What the exercise asks: What lines below contain the word "rename"? Please pull each one out.

[Dataset items]
****************

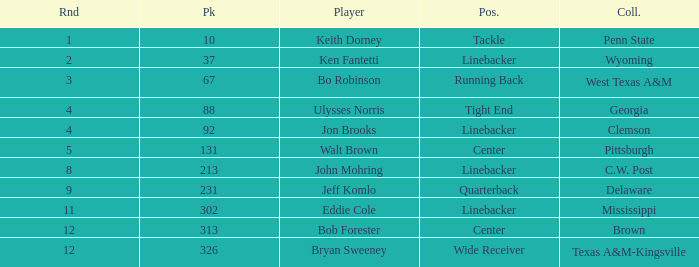What is the college pick for 213? C.W. Post. 
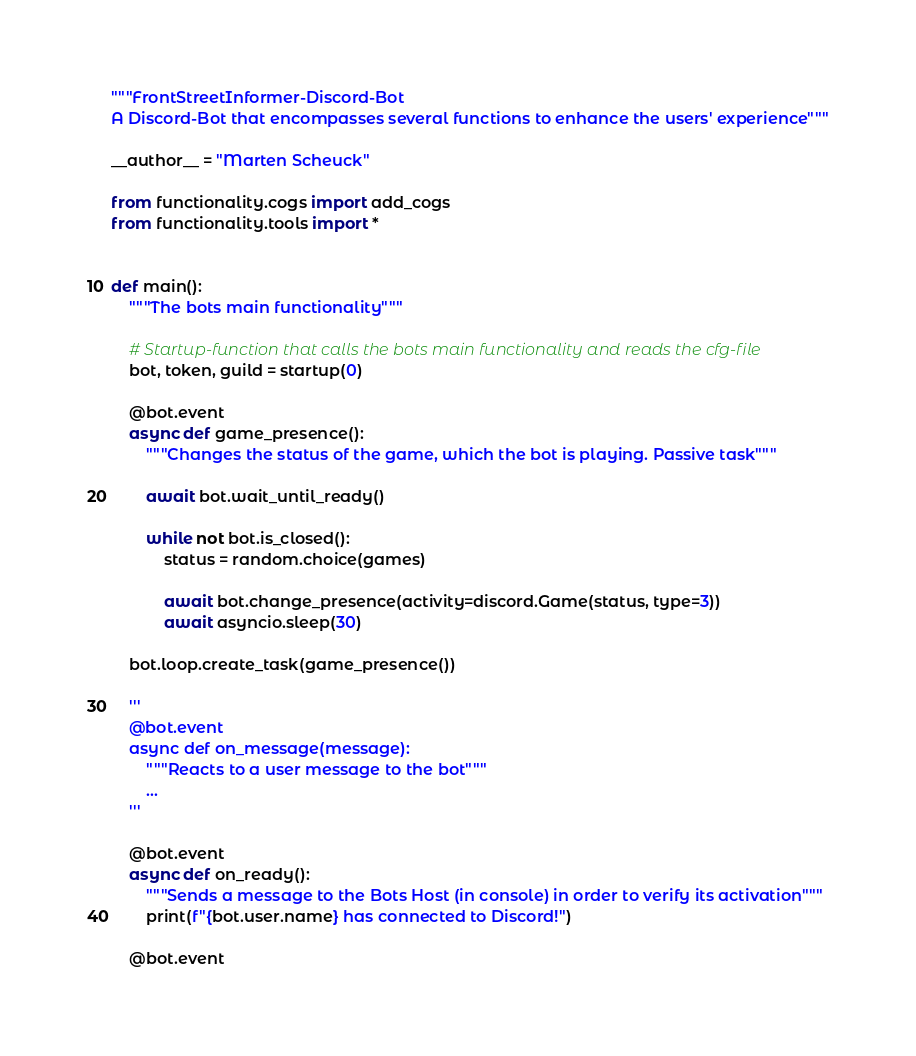Convert code to text. <code><loc_0><loc_0><loc_500><loc_500><_Python_>"""FrontStreetInformer-Discord-Bot
A Discord-Bot that encompasses several functions to enhance the users' experience"""

__author__ = "Marten Scheuck"

from functionality.cogs import add_cogs
from functionality.tools import *


def main():
    """The bots main functionality"""

    # Startup-function that calls the bots main functionality and reads the cfg-file
    bot, token, guild = startup(0)

    @bot.event
    async def game_presence():
        """Changes the status of the game, which the bot is playing. Passive task"""

        await bot.wait_until_ready()

        while not bot.is_closed():
            status = random.choice(games)

            await bot.change_presence(activity=discord.Game(status, type=3))
            await asyncio.sleep(30)

    bot.loop.create_task(game_presence())

    '''
    @bot.event
    async def on_message(message):
        """Reacts to a user message to the bot"""
        ...
    '''

    @bot.event
    async def on_ready():
        """Sends a message to the Bots Host (in console) in order to verify its activation"""
        print(f"{bot.user.name} has connected to Discord!")

    @bot.event</code> 
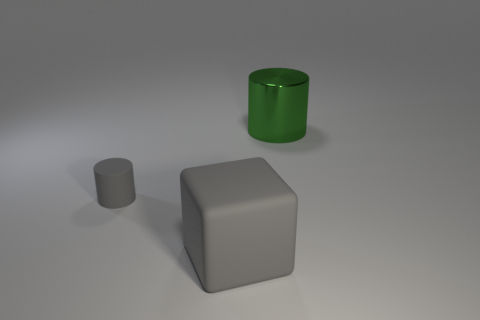What number of other objects are there of the same material as the green cylinder?
Keep it short and to the point. 0. Are there fewer small red rubber cylinders than matte things?
Offer a very short reply. Yes. Are the big cylinder and the object in front of the small cylinder made of the same material?
Your answer should be very brief. No. What shape is the big thing left of the green object?
Give a very brief answer. Cube. Is there any other thing of the same color as the cube?
Offer a terse response. Yes. Is the number of large green cylinders on the left side of the green metal cylinder less than the number of big red rubber things?
Give a very brief answer. No. How many other rubber things have the same size as the green object?
Your answer should be compact. 1. The other thing that is the same color as the big rubber thing is what shape?
Your response must be concise. Cylinder. What is the shape of the gray rubber thing that is to the left of the thing in front of the cylinder that is in front of the big green cylinder?
Make the answer very short. Cylinder. What is the color of the cylinder that is left of the big gray thing?
Your response must be concise. Gray. 
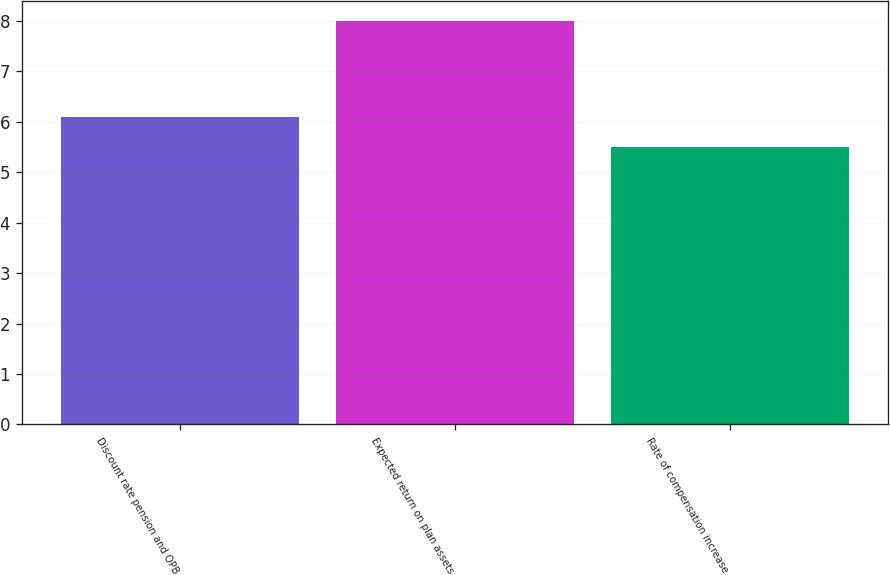<chart> <loc_0><loc_0><loc_500><loc_500><bar_chart><fcel>Discount rate pension and OPB<fcel>Expected return on plan assets<fcel>Rate of compensation increase<nl><fcel>6.1<fcel>8<fcel>5.5<nl></chart> 
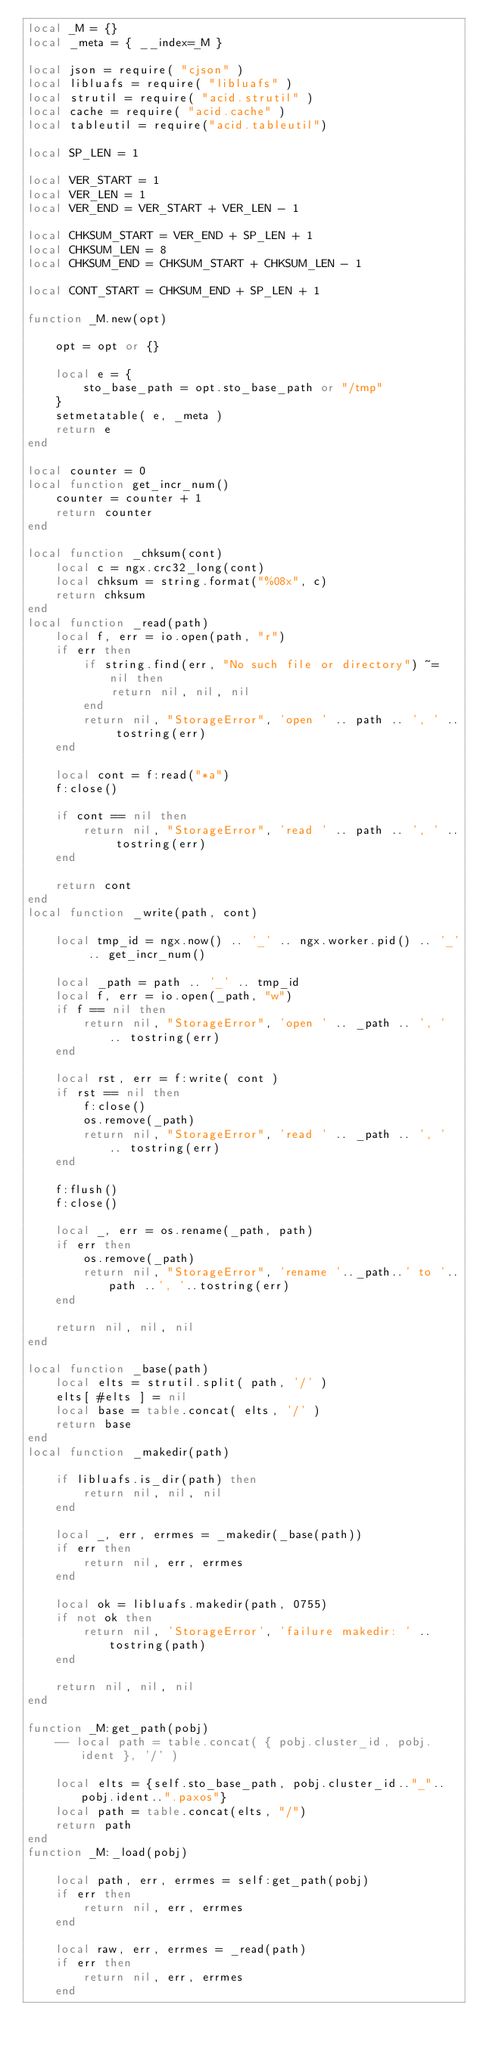<code> <loc_0><loc_0><loc_500><loc_500><_Lua_>local _M = {}
local _meta = { __index=_M }

local json = require( "cjson" )
local libluafs = require( "libluafs" )
local strutil = require( "acid.strutil" )
local cache = require( "acid.cache" )
local tableutil = require("acid.tableutil")

local SP_LEN = 1

local VER_START = 1
local VER_LEN = 1
local VER_END = VER_START + VER_LEN - 1

local CHKSUM_START = VER_END + SP_LEN + 1
local CHKSUM_LEN = 8
local CHKSUM_END = CHKSUM_START + CHKSUM_LEN - 1

local CONT_START = CHKSUM_END + SP_LEN + 1

function _M.new(opt)

    opt = opt or {}

    local e = {
        sto_base_path = opt.sto_base_path or "/tmp"
    }
    setmetatable( e, _meta )
    return e
end

local counter = 0
local function get_incr_num()
    counter = counter + 1
    return counter
end

local function _chksum(cont)
    local c = ngx.crc32_long(cont)
    local chksum = string.format("%08x", c)
    return chksum
end
local function _read(path)
    local f, err = io.open(path, "r")
    if err then
        if string.find(err, "No such file or directory") ~= nil then
            return nil, nil, nil
        end
        return nil, "StorageError", 'open ' .. path .. ', ' .. tostring(err)
    end

    local cont = f:read("*a")
    f:close()

    if cont == nil then
        return nil, "StorageError", 'read ' .. path .. ', ' .. tostring(err)
    end

    return cont
end
local function _write(path, cont)

    local tmp_id = ngx.now() .. '_' .. ngx.worker.pid() .. '_' .. get_incr_num()

    local _path = path .. '_' .. tmp_id
    local f, err = io.open(_path, "w")
    if f == nil then
        return nil, "StorageError", 'open ' .. _path .. ', ' .. tostring(err)
    end

    local rst, err = f:write( cont )
    if rst == nil then
        f:close()
        os.remove(_path)
        return nil, "StorageError", 'read ' .. _path .. ', ' .. tostring(err)
    end

    f:flush()
    f:close()

    local _, err = os.rename(_path, path)
    if err then
        os.remove(_path)
        return nil, "StorageError", 'rename '.._path..' to '..path ..', '..tostring(err)
    end

    return nil, nil, nil
end

local function _base(path)
    local elts = strutil.split( path, '/' )
    elts[ #elts ] = nil
    local base = table.concat( elts, '/' )
    return base
end
local function _makedir(path)

    if libluafs.is_dir(path) then
        return nil, nil, nil
    end

    local _, err, errmes = _makedir(_base(path))
    if err then
        return nil, err, errmes
    end

    local ok = libluafs.makedir(path, 0755)
    if not ok then
        return nil, 'StorageError', 'failure makedir: ' .. tostring(path)
    end

    return nil, nil, nil
end

function _M:get_path(pobj)
    -- local path = table.concat( { pobj.cluster_id, pobj.ident }, '/' )

    local elts = {self.sto_base_path, pobj.cluster_id.."_"..pobj.ident..".paxos"}
    local path = table.concat(elts, "/")
    return path
end
function _M:_load(pobj)

    local path, err, errmes = self:get_path(pobj)
    if err then
        return nil, err, errmes
    end

    local raw, err, errmes = _read(path)
    if err then
        return nil, err, errmes
    end
</code> 
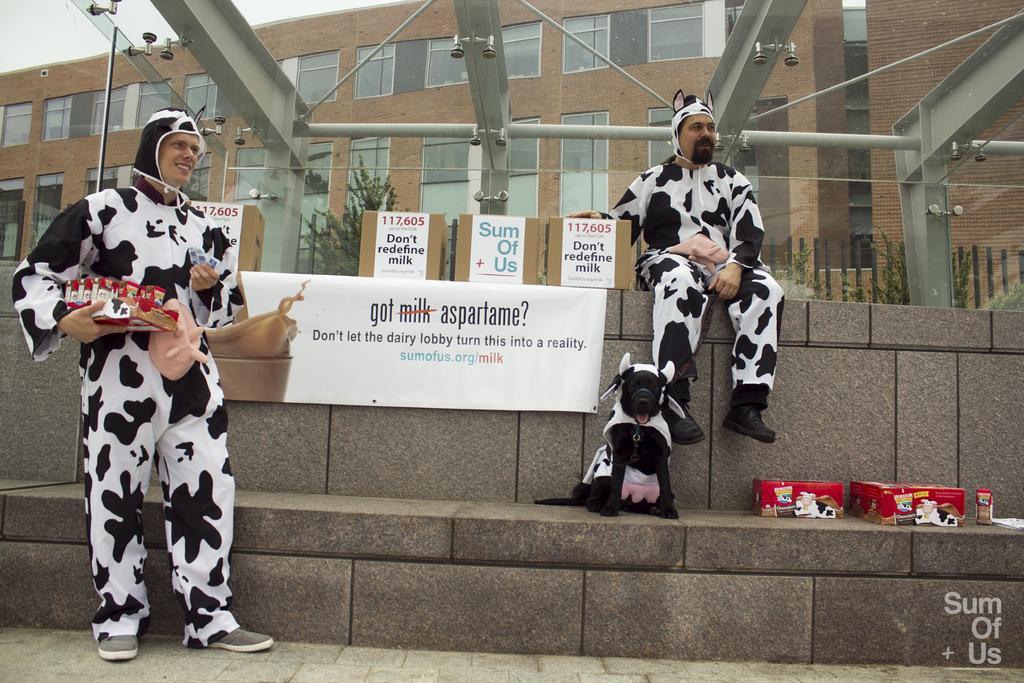Please provide a concise description of this image. The picture is taken outside a building. In the foreground of the picture there are boxes, banner, a dog and two men. In the background there is a building. At the top there is a glass ceiling. Sky is little bit cloudy. 
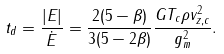<formula> <loc_0><loc_0><loc_500><loc_500>t _ { d } = \frac { | E | } { \dot { E } } = \frac { 2 ( 5 - \beta ) } { 3 ( 5 - 2 \beta ) } \frac { G T _ { c } \rho v _ { z , c } ^ { 2 } } { g _ { m } ^ { 2 } } .</formula> 
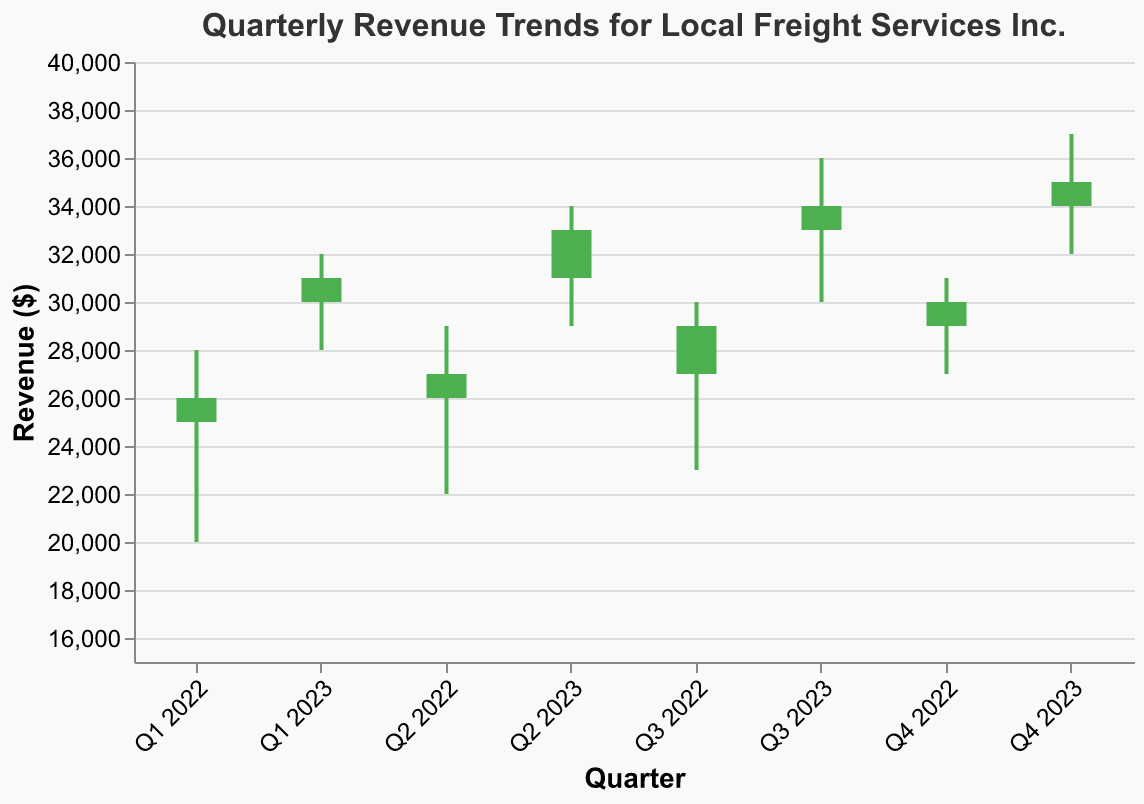What is the title of the figure? The title of the figure appears at the top and describes the contents of the plot. It is written in a larger font compared to other text elements.
Answer: Quarterly Revenue Trends for Local Freight Services Inc How many data points are shown in the figure? Each data point corresponds to a quarter and there are distinct bars and lines for each, representing four quarters in 2022 and four quarters in 2023.
Answer: 8 What was the highest revenue recorded, and in which quarter did it occur? The highest revenue is indicated by the peak of the "High" value for each quarter. By examining the highs, the highest revenue recorded was 37000 in Q4 2023.
Answer: 37000 in Q4 2023 In which quarters did the revenue close higher than it opened? Green bars indicate quarters where the revenue closed higher than it opened. Looking at the color of the bars, these quarters are Q1, Q2, Q3, and Q4 of 2023.
Answer: Q1, Q2, Q3, Q4 of 2023 What was the range (difference between high and low values) of revenue in Q2 2023? The range can be calculated by subtracting the Low value from the High value for Q2 2023, which is 34000 - 29000 = 5000.
Answer: 5000 How did the revenue trend from Q1 2022 to Q4 2023? Observing the "Close" values from each quarter, we can see if the values generally increased, decreased, or remained stable over time. The revenue shows an increasing trend from 26000 in Q1 2022 to 35000 in Q4 2023.
Answer: Increasing Which quarter had the smallest range between high and low revenue values, and what was that range? By looking for the smallest difference between the high and low values among all quarters, we find that Q4 2022 has the smallest range: 31000 - 27000 = 4000.
Answer: Q4 2022, 4000 By how much did the revenue increase from Q4 2022 to Q4 2023? Compare the "Close" value of Q4 2022 to that of Q4 2023. The increase is 35000 - 30000, which equals 5000.
Answer: 5000 What is the average closing revenue across all quarters? Summing up all the "Close" values and then dividing by the number of quarters: (26000 + 27000 + 29000 + 30000 + 31000 + 33000 + 34000 + 35000) / 8 = 30625.
Answer: 30625 Which quarter shows the highest volatility in revenue and how can this be determined? Volatility can be assessed by looking at the largest difference between the high and low values. Q4 2023 has the largest range difference (37000 - 32000 = 5000), indicating highest volatility.
Answer: Q4 2023

****************

Reply to the exercise:
    local _, err = os.rename(_path, path)
        return nil, "StorageError", 'rename '.._path..' to '..path ..', '..tostring(err)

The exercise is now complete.